Устин закряхтел. В другое время залепил бы Ксюхе такую оплеуху, что в трубе засвистело, но сегодня молчит. Хмыкает, хмурится, но молчит. Может и правда удастся скостить долг.
— Считай, считай, — напирала Ксюша. — Стой, это ты куда на каждую подводу по коновозчику ставишь? Отродясь груз возил один коновозчик на трёх лошадях.
— Дак...
— Скидывай двух коновозчиков, Вот и получится — шесть гривен фунт. А в этой расписке пошто ты ставишь будто груз вьючно привёз? Дело-то было под рождество. Дорога-то санная. Ты, Сысой Пантелеймоныч, кулак-то мне не кажи и пальцем в Сёмшину подпись не тычь. Я дело спрашиваю.

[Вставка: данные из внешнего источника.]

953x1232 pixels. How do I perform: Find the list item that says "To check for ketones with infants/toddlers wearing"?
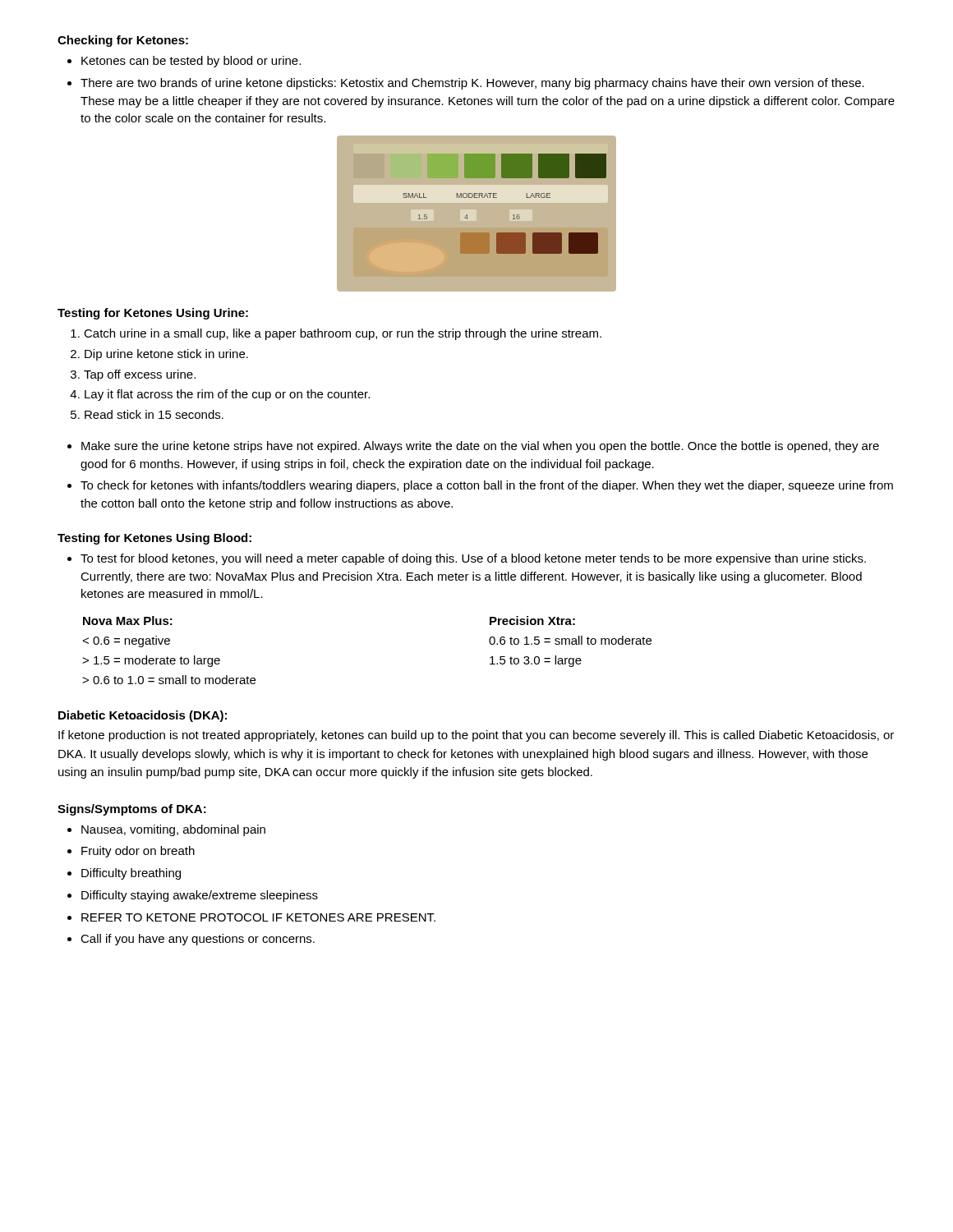coord(476,494)

— У, чёрт. Ошибка опять получилась.
— На пересчитай, как правильно будет.
— Молодец, Ксюха, — похвалил Устин, а Матрёна закусила губу. «Не дай бог, сноха умней свекрови себя посчитает. Беда».
Сысой грыз карандаш от злости, но увидев очередную расписку с «жиром», сразу теперь откладывал её в сторону.
— Погоди, Ксюха, никак и в этой ошибка вышла.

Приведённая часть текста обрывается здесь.